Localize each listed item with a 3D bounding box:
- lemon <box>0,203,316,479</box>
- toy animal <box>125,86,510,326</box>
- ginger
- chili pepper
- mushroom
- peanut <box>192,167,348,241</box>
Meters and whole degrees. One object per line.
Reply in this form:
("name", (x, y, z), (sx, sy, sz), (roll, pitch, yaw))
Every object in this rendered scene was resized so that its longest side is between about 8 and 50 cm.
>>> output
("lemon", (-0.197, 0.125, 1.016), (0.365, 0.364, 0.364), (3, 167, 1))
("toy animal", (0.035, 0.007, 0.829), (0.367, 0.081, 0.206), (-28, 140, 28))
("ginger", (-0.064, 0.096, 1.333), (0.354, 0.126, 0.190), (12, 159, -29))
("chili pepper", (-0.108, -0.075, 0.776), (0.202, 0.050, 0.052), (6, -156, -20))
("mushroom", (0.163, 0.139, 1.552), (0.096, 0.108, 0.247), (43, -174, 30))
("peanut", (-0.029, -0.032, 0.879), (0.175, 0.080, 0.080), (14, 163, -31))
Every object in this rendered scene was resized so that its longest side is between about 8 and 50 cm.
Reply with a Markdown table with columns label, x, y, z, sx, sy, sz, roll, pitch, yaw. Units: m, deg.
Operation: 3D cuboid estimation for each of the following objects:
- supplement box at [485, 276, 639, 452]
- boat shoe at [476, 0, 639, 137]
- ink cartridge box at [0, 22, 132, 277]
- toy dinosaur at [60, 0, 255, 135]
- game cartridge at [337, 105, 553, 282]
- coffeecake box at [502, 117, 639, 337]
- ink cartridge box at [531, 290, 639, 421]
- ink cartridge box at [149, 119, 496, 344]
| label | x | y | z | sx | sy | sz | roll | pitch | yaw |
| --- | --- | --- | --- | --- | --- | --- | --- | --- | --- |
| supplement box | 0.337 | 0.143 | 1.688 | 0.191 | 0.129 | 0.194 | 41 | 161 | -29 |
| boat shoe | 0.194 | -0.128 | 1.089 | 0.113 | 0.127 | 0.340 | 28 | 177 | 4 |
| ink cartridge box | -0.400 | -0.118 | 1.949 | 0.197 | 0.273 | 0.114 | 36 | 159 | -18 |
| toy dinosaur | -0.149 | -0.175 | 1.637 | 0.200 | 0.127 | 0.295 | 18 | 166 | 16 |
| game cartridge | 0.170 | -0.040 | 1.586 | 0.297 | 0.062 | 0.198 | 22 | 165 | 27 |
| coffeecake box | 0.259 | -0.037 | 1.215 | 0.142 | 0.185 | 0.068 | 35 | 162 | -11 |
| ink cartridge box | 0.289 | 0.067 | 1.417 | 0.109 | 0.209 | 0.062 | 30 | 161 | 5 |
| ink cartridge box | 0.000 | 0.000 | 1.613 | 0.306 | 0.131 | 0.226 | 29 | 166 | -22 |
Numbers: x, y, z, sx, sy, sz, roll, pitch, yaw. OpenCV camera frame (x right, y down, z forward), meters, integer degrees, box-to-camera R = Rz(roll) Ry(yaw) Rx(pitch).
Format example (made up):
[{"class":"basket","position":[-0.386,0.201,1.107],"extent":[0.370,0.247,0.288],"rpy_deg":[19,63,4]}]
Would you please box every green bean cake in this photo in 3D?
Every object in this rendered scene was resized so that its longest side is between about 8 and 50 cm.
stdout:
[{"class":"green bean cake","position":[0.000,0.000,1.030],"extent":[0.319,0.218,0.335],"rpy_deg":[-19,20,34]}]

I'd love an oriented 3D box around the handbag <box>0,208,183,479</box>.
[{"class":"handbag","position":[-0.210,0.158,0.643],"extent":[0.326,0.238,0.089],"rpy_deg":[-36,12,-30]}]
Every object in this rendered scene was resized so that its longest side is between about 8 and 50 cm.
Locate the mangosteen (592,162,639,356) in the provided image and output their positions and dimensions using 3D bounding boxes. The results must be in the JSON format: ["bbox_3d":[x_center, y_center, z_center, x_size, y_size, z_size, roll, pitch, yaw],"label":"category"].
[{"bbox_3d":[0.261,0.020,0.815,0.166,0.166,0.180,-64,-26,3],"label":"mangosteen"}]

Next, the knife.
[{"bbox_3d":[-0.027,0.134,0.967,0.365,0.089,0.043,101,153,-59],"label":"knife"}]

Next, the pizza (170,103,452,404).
........
● TASK DESCRIPTION: Every line that contains the string "Reply" should be copied from the records.

● SOLUTION FOR THIS PROBLEM:
Reply in this form:
Reply with a Markdown table with columns label, x, y, z, sx, sy, sz, roll, pitch, yaw. Units: m, deg.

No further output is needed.